**THE DATA**
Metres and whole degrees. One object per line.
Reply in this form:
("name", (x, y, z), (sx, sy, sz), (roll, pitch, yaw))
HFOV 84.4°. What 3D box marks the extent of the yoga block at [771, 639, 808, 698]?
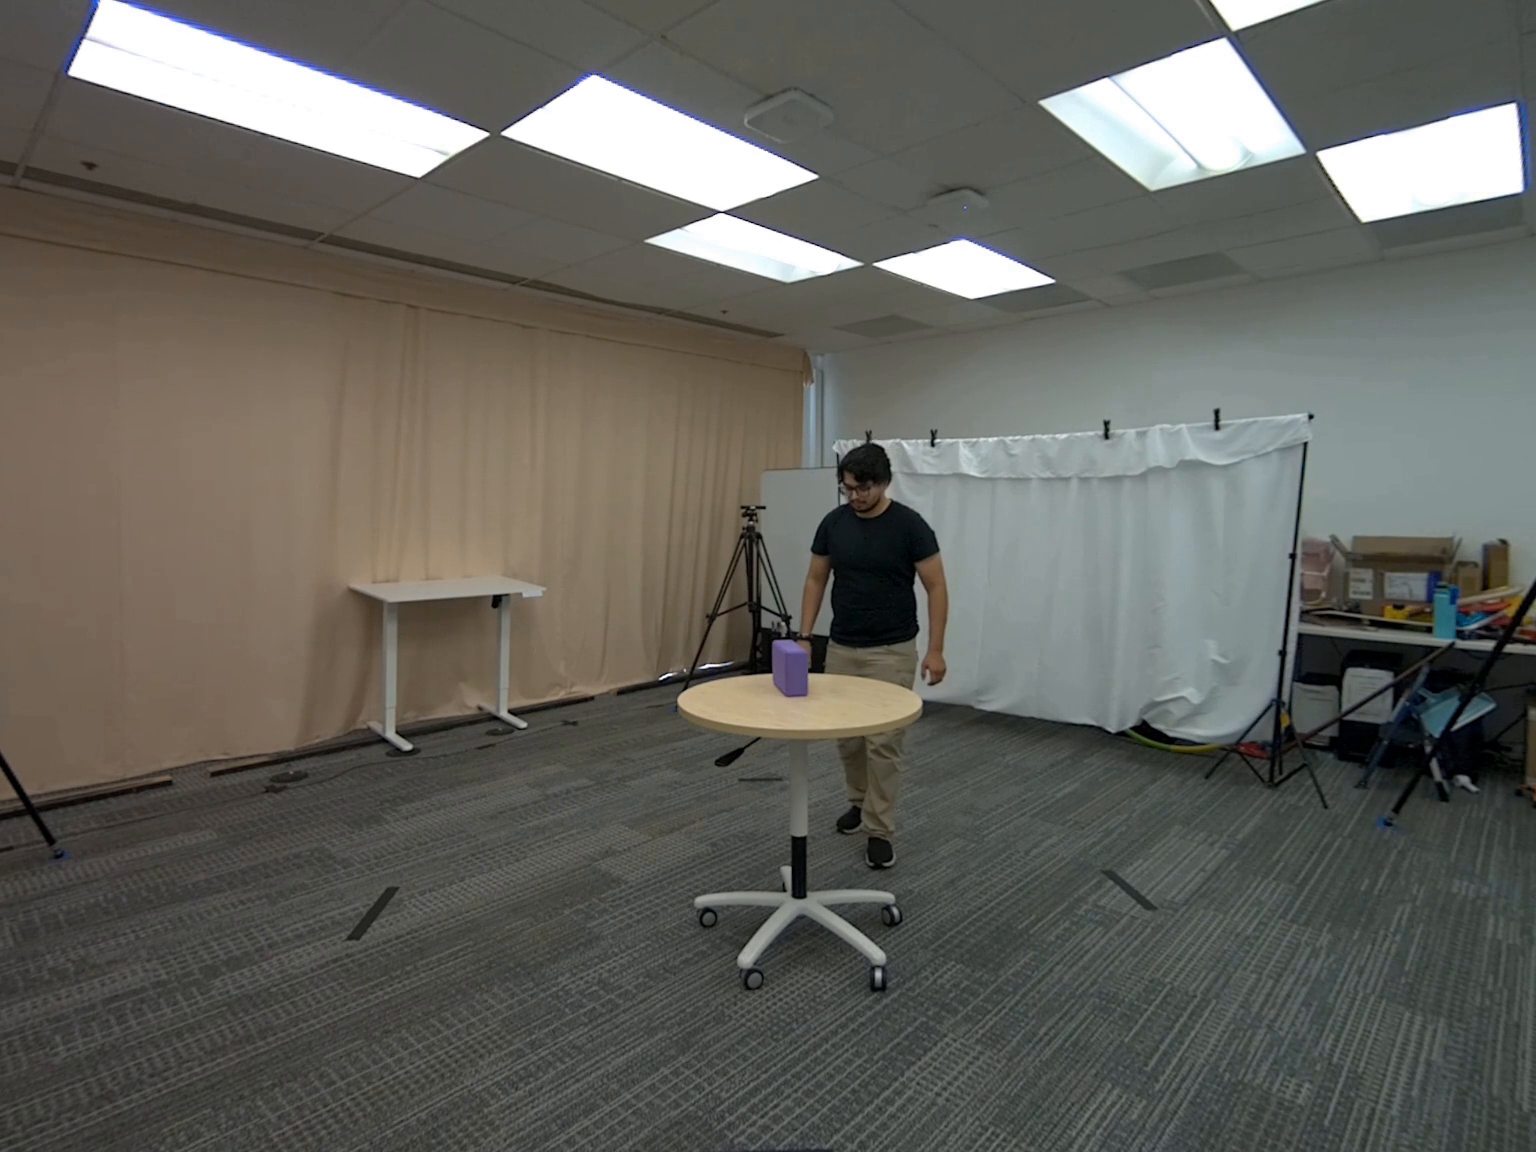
("yoga block", (0.080, 0.302, 2.781), (0.076, 0.148, 0.231), (-1, 4, -7))

**ASSIGNMENT**
The material above holds pictures; copy everything else in it exactly.

**RESPONSE FOR THIS EXERCISE**
Metres and whole degrees. One object per line.
Reply in this form:
("name", (x, y, z), (sx, sy, sz), (roll, pitch, yaw))
HFOV 84.4°. What 3D box marks the extent of the yoga block at [771, 639, 808, 698]?
("yoga block", (0.080, 0.302, 2.781), (0.076, 0.148, 0.231), (-1, 4, -7))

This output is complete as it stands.